I've found that employers always value the skills that maths students can bring to a role

Student Hailey Pottinger stood in front of a brick wall smiling
Hailey Pottinger
Programme Lead, Quality Improvement, Chesterfield Royal Hospital
Mathematics MMath
After graduating, Hailey joined the NHS Graduate Management Training Scheme. The mathematical and problem solving skills Hailey learned during her MMath degree helped her secure her place on the scheme, and management roles in the NHS.

After graduating with a first from my Mathematics MMath I went on to join the NHS Graduate Management Training Scheme. After several general management placements based in community health, commissioning, and acute hospital services, I passed the graduate scheme and secured a permanent role as Operational Manager for Neurosciences at Sheffield Teaching Hospitals.

I chose the NHS Graduate Management Training Scheme as I knew I wanted to work with people in my career, and I wanted to work for an organisation whose vision, values and purpose I could identify with. I also knew I wanted to learn a whole new set of skills, and be challenged to keep on learning and developing as I had throughout my degree.

I have consistently found that prospective employers always value the skills that maths students can bring to a role. My mathematical skills came in handy with the tests as part of the scheme application process, and my problem solving skills and ability to interpret data quickly were very useful in the assessment centre.

To prepare for the competitive process of applying for graduate schemes, I attended interview skills and assessment centre sessions organised by the Careers Service.
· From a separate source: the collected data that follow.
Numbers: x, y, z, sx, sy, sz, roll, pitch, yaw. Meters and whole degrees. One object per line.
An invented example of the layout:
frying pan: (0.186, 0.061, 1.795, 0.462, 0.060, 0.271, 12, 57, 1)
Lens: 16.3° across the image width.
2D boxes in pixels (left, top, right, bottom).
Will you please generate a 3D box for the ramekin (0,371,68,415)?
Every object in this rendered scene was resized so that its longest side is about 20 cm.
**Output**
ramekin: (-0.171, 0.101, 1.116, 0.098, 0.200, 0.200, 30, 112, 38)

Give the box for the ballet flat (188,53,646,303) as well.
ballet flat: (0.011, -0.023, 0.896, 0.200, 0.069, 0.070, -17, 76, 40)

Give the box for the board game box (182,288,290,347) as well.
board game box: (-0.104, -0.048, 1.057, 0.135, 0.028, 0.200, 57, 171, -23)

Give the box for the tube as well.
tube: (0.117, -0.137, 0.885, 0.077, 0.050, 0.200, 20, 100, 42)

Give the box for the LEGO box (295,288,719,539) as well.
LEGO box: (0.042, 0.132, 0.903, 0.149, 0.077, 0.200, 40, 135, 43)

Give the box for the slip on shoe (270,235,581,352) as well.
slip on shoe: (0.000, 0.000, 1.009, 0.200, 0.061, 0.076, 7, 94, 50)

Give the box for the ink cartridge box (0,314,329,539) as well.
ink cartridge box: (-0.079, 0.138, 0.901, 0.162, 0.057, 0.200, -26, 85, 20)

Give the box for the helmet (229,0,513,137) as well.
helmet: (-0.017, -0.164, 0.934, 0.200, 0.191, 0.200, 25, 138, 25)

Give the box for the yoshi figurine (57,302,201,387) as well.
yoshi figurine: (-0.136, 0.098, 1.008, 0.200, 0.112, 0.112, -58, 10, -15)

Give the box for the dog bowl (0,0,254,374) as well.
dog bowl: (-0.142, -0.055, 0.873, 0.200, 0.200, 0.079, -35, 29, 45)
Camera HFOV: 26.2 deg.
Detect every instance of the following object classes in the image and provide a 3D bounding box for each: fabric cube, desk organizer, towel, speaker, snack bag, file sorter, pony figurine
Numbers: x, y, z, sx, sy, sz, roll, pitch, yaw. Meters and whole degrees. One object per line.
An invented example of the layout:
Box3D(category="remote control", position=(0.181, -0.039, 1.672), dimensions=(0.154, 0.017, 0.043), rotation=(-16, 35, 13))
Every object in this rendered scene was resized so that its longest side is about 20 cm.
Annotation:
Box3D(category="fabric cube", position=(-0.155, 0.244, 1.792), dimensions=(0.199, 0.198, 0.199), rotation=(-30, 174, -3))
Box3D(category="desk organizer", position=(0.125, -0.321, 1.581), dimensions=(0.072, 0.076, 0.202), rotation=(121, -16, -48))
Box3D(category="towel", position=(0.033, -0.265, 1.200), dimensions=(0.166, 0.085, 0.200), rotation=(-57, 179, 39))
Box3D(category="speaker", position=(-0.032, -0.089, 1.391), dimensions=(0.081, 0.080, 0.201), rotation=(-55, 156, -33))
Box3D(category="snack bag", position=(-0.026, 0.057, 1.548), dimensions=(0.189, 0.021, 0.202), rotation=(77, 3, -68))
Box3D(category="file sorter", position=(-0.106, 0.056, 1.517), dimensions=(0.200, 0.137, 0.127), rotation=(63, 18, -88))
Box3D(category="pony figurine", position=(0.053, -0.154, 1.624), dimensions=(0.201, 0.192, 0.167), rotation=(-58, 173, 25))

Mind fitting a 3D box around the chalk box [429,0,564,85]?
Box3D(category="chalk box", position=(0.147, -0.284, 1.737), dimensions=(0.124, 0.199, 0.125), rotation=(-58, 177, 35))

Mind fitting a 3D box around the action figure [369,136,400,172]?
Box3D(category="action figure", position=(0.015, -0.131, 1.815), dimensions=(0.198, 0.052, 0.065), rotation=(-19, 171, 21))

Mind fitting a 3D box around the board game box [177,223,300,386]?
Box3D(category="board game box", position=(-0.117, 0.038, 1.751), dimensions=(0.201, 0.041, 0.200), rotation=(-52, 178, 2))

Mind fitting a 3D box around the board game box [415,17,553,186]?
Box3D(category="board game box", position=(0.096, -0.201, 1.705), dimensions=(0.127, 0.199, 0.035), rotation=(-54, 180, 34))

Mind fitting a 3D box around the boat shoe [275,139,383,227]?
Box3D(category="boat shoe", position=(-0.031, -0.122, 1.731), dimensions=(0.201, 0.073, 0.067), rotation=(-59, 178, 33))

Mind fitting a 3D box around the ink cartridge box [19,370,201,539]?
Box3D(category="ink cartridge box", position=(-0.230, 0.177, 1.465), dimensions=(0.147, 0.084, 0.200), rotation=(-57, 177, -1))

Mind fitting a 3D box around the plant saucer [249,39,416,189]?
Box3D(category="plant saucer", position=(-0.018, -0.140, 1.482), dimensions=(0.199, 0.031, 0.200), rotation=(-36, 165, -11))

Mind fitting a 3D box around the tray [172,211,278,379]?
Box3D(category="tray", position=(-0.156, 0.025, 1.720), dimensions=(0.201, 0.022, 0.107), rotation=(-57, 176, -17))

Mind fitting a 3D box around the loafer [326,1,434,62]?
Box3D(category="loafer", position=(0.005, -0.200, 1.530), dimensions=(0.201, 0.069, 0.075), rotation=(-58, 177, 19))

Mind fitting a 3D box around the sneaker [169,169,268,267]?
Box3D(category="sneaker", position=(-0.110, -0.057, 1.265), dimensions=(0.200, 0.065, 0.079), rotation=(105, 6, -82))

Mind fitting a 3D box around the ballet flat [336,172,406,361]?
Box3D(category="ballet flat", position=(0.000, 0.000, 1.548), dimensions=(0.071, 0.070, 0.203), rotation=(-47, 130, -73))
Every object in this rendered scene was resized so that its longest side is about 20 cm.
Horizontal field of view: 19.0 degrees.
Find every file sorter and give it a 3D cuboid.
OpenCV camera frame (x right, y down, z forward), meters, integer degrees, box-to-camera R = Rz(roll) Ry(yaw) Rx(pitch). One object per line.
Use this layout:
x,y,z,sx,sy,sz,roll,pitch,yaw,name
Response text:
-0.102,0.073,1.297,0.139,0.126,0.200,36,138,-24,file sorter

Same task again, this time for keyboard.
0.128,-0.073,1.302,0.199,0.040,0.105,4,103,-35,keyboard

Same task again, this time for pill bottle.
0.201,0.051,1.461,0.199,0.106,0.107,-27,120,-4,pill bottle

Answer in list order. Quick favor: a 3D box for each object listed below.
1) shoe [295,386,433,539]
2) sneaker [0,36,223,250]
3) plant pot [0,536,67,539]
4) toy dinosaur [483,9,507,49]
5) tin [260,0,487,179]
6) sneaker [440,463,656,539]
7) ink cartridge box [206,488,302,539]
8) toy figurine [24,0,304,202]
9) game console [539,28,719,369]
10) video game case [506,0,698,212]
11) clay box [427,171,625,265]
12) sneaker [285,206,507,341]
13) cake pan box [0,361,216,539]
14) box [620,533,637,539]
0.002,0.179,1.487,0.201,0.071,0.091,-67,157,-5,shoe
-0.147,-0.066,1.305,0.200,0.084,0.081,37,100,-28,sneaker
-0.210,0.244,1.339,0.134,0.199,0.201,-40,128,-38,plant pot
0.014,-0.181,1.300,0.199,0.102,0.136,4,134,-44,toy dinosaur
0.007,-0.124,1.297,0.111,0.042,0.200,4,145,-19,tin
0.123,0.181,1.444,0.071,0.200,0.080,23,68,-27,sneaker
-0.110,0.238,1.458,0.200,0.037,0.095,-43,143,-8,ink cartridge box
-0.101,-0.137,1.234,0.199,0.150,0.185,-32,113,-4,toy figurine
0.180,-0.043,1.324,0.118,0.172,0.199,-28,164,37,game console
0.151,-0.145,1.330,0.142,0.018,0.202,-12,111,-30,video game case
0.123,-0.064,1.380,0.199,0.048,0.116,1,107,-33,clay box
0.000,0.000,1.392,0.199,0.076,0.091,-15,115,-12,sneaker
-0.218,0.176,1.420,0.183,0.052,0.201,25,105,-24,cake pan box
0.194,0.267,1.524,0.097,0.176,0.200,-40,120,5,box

I also attended a number of talks by employers about graduate opportunities, which was how I actually found out about the NHS Graduate Management Scheme.

The wider set of transferable skills I gained from my degree also helped me apply for roles after finishing the NHS Graduate Management Scheme. Complex problem solving and perseverance are fundamental when working in the current healthcare climate, as well as an ability to work with and interpret numbers, data and finance. My final year project as part of the MMath helped me build my report writing and presentation skills.

As an operational manager, I was involved in modelling capacity and demand for healthcare services, managing service performance, working with data and statistics to identify service improvements, writing business cases and budget management. I also gained a new set of skills in people management, teamwork and project management to complement my skills from my degree.

In 2021 I moved roles to become a Programme Lead at Chesterfield Royal Hospital, where I am part of the Quality Improvement team. I work with clinical services to support improvement and transformation, aiming to ensure the NHS can provide high quality, safe, and sustainable services in the future.

There are a lot of opportunities for career development, including operational management, masters level education, or healthcare analytics in the NHS. Working in the NHS supporting healthcare professionals and helping patients is such an interesting, challenging and rewarding career I hope to stay working in NHS management for the next few years at least.